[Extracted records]
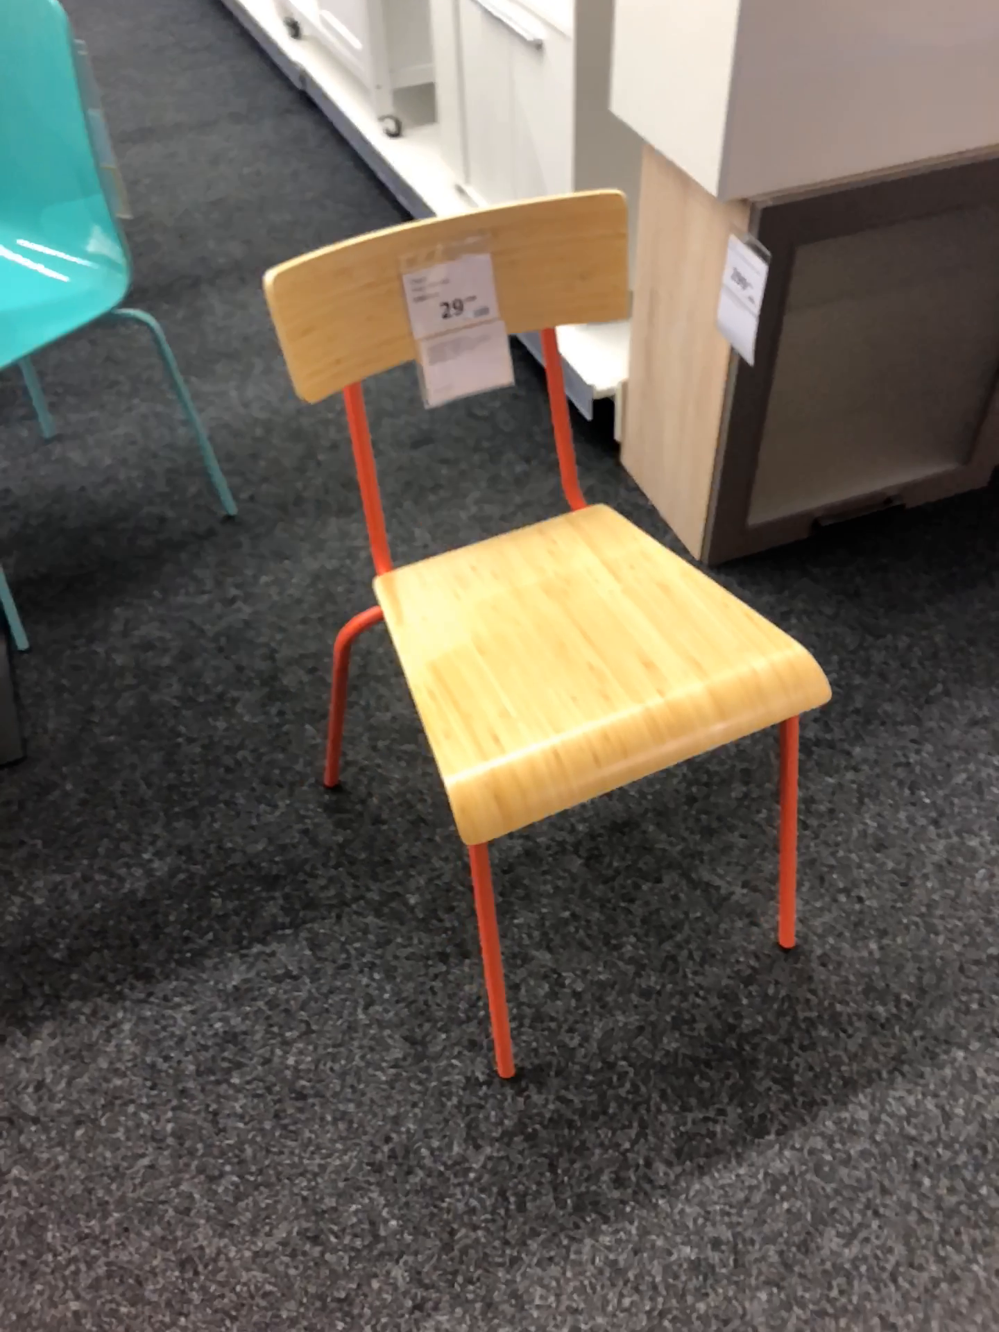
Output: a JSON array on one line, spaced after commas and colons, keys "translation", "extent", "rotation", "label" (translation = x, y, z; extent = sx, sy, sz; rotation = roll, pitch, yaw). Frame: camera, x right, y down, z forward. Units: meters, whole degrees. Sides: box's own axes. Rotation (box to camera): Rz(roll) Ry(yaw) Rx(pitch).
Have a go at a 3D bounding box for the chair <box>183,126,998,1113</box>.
[{"translation": [0.059, -0.032, 1.216], "extent": [0.501, 0.816, 0.562], "rotation": [-19, 48, -16], "label": "chair"}]
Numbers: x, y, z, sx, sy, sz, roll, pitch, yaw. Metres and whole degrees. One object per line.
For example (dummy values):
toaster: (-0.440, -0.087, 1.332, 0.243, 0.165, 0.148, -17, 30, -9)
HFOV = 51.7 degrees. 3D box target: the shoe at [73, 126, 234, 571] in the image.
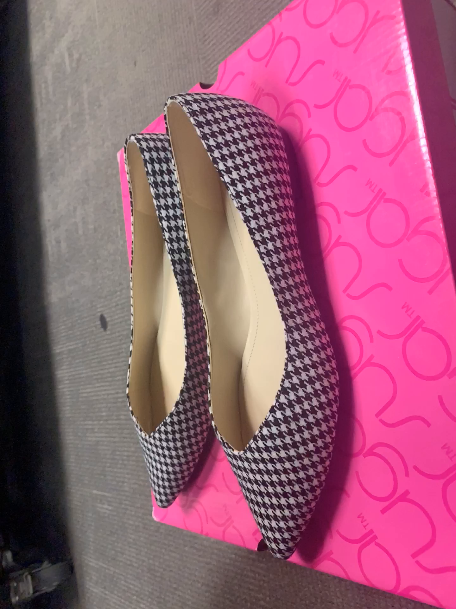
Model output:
shoe: (-0.056, 0.027, 0.331, 0.081, 0.060, 0.270, 11, 98, 48)

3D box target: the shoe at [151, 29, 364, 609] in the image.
shoe: (0.011, 0.006, 0.273, 0.081, 0.060, 0.280, -11, 82, 48)

**About this exercise**
One stretch of the lines above is wanted, from the line that contains "Have a go at" through the line that contains "-17, 30, -9)". Output it exactly.

**Task solution**
Have a go at a 3D bounding box for the chair <box>183,126,998,1113</box>.
[{"translation": [0.059, -0.032, 1.216], "extent": [0.501, 0.816, 0.562], "rotation": [-19, 48, -16], "label": "chair"}]
Numbers: x, y, z, sx, sy, sz, roll, pitch, yaw. Metres and whole degrees. One object per line.
For example (dummy values):
toaster: (-0.440, -0.087, 1.332, 0.243, 0.165, 0.148, -17, 30, -9)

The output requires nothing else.